- _MATERIAL SUPPLIED_
*** Block opens ***
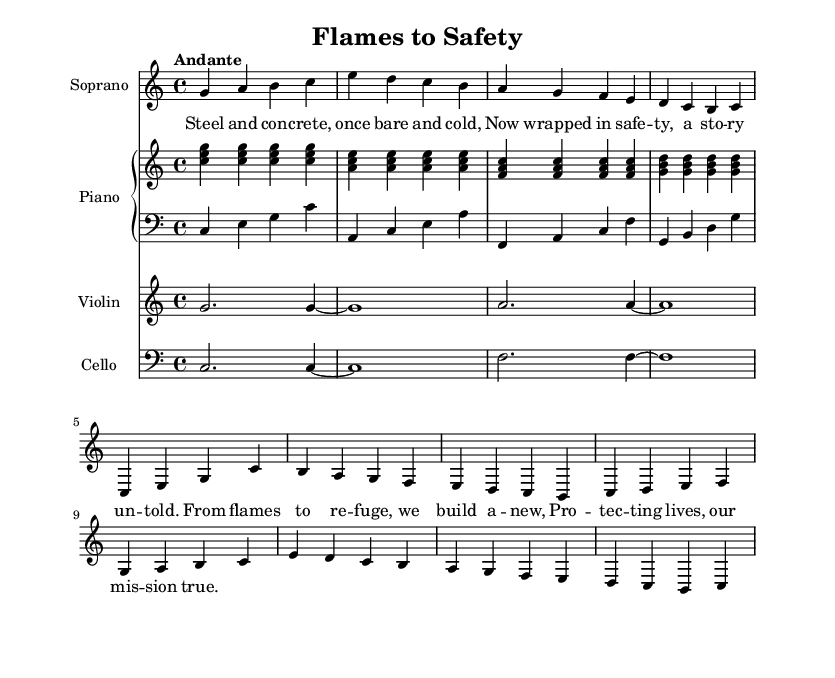What is the key signature of this music? The key signature is C major, which has no sharps or flats indicated at the beginning of the staff.
Answer: C major What is the time signature of the piece? The time signature is indicated by the 4/4 marker at the beginning of the score, showing that there are four beats in each measure.
Answer: 4/4 What is the tempo marking for the piece? The tempo marking at the beginning is "Andante," which indicates a moderately slow tempo.
Answer: Andante Which instrument accompanies the soprano in this piece? The piano accompanies the soprano, as shown by the PianoStaff beneath the soprano line.
Answer: Piano How many verses are sung in the soprano part? There is one verse provided in the soprano part, followed by a chorus. This can be seen in the lyrics section corresponding to the soprano melody.
Answer: One verse What is the primary theme represented in the lyrics? The primary theme centers around the transformation and safety of urban spaces, as suggested by the lyrics about protection and renewal.
Answer: Safety in urban transformation What vocal range is indicated for the soprano part? The soprano part is written in a range that typically corresponds to a higher vocal range, starting from the note g'' relative to c' in the score.
Answer: Higher vocal range 
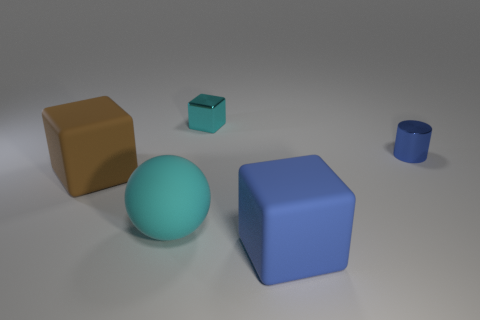Add 2 blue rubber things. How many objects exist? 7 Subtract all blocks. How many objects are left? 2 Subtract 0 blue spheres. How many objects are left? 5 Subtract all blue matte things. Subtract all cyan things. How many objects are left? 2 Add 1 large matte blocks. How many large matte blocks are left? 3 Add 3 yellow metallic balls. How many yellow metallic balls exist? 3
*** Block closes ***
- _EXERCISE DIRECTIONS_
Print only what lies in the material above starting at the line with "Answer: 4/4 What" and ending at the line with "Answer: Piano How", every line exactly as given.

- _RESPONSE AREA_
Answer: 4/4 What is the tempo marking for the piece? The tempo marking at the beginning is "Andante," which indicates a moderately slow tempo.
Answer: Andante Which instrument accompanies the soprano in this piece? The piano accompanies the soprano, as shown by the PianoStaff beneath the soprano line.
Answer: Piano How many verses are sung in the soprano part? There is one verse provided in the soprano part, followed by a chorus. This can be seen in the lyrics section corresponding to the soprano melody.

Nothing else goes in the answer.